=== What to produce ===
Of all the lines below, return only those starting with the line holding "Give a very brief answer. -0.54." and going on through the line holding "Offer a very short reply. 0.04.", exactly as written.

═════ The data ═════

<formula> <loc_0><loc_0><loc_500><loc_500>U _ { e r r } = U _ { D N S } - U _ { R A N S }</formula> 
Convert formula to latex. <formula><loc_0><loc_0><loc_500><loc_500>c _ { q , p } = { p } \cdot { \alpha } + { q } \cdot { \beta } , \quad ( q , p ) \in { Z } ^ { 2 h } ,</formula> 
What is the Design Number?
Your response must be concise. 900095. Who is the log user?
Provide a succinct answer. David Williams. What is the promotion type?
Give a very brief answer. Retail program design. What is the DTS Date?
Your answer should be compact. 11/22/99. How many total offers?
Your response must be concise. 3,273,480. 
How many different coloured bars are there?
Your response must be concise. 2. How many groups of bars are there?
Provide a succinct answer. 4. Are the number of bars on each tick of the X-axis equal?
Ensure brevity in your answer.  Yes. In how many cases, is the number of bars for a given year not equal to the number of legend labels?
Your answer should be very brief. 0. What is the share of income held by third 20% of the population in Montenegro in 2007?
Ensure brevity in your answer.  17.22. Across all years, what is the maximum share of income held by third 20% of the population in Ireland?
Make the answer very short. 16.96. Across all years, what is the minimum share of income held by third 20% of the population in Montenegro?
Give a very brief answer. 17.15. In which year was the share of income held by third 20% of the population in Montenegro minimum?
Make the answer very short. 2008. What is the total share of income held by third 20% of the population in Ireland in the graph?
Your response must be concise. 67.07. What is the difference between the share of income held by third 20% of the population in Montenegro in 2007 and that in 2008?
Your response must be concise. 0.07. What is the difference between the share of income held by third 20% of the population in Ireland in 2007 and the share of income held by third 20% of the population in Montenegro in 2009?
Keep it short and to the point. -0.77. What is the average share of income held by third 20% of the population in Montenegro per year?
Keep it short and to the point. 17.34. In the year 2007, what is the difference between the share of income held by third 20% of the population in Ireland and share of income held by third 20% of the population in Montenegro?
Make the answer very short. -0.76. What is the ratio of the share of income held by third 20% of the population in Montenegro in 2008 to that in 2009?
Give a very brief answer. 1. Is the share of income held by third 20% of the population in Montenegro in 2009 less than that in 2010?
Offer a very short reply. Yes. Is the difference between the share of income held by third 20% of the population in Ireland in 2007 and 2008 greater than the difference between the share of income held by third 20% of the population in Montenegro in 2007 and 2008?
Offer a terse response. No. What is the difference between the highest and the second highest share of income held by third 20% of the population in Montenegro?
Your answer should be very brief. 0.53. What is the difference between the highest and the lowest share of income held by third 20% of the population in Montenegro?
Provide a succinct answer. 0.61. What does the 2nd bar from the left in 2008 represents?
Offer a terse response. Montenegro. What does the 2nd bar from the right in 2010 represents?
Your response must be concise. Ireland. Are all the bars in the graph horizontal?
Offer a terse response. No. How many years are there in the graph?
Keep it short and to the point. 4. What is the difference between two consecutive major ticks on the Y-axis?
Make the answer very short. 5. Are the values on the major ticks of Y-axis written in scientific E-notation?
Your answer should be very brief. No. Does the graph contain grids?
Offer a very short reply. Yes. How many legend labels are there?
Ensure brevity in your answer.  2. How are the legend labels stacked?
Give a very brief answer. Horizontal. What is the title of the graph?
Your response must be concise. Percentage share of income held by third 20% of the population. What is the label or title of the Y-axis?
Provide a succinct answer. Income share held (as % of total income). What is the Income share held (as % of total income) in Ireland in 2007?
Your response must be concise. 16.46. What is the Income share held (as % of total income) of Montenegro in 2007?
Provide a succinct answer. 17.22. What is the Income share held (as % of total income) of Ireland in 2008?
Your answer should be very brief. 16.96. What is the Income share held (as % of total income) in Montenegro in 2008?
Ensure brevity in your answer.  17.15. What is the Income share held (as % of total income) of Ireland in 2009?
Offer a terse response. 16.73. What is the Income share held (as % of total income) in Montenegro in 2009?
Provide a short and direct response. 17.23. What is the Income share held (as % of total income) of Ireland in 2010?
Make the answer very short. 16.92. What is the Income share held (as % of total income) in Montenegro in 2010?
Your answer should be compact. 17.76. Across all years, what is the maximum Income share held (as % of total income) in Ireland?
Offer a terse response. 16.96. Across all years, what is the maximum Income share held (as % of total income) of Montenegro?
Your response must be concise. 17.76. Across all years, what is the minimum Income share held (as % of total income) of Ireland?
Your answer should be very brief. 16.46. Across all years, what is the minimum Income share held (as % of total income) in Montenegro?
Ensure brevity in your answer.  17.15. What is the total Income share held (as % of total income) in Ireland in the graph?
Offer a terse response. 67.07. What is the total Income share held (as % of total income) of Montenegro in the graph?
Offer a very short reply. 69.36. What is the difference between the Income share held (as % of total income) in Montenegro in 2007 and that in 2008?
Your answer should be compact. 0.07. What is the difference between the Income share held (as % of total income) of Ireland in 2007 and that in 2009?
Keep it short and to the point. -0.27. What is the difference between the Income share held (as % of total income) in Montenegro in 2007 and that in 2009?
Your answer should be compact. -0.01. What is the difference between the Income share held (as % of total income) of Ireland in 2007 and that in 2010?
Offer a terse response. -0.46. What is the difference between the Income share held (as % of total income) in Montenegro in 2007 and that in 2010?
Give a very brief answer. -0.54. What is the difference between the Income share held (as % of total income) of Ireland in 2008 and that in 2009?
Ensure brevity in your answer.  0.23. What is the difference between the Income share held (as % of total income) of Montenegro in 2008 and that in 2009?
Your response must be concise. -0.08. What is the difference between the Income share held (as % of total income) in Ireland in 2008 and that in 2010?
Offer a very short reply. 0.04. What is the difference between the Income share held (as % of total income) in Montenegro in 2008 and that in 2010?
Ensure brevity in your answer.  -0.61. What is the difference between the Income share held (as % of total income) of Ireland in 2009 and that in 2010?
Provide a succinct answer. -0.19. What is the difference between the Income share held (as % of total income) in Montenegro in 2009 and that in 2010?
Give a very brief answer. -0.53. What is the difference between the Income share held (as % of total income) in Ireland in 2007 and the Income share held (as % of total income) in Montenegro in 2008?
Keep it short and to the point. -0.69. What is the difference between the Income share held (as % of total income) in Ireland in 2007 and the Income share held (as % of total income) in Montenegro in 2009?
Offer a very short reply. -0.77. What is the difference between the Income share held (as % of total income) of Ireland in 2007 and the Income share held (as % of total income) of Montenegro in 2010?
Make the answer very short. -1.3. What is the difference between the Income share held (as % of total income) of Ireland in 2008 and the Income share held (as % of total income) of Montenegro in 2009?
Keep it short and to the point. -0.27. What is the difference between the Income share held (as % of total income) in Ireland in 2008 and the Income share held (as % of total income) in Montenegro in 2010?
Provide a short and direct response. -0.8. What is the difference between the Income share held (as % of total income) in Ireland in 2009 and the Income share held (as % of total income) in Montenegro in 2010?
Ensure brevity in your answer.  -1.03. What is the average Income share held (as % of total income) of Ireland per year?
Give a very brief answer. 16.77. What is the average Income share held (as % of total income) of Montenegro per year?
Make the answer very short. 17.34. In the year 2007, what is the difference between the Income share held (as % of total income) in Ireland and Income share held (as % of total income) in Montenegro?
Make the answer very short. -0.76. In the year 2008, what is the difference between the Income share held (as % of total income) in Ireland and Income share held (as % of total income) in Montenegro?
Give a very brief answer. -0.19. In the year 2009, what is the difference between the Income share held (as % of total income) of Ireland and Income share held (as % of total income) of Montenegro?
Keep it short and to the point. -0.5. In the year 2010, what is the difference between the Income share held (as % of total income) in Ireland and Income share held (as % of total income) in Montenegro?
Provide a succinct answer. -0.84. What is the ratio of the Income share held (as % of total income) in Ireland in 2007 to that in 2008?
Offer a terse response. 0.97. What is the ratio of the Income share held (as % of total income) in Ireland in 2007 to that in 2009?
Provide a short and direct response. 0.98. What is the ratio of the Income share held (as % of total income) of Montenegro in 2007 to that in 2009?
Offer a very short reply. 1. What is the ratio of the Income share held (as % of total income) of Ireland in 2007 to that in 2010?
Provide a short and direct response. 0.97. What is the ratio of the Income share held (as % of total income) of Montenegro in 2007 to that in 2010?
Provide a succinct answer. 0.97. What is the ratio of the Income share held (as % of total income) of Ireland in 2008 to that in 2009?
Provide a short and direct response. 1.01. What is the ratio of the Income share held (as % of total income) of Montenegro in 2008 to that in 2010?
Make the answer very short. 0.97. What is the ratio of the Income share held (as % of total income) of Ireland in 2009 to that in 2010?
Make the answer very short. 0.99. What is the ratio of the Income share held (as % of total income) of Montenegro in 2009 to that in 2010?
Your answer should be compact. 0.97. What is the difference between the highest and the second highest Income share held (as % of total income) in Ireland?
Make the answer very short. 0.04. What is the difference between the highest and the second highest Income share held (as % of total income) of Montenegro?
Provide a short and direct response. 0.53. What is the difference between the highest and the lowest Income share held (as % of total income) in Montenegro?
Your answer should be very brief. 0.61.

═════

=== Answer for this exercise ===
Give a very brief answer. -0.54. What is the difference between the Income share held (as % of total income) of Ireland in 2008 and that in 2009?
Ensure brevity in your answer.  0.23. What is the difference between the Income share held (as % of total income) of Montenegro in 2008 and that in 2009?
Your response must be concise. -0.08. What is the difference between the Income share held (as % of total income) in Ireland in 2008 and that in 2010?
Offer a very short reply. 0.04. What is the difference between the Income share held (as % of total income) in Montenegro in 2008 and that in 2010?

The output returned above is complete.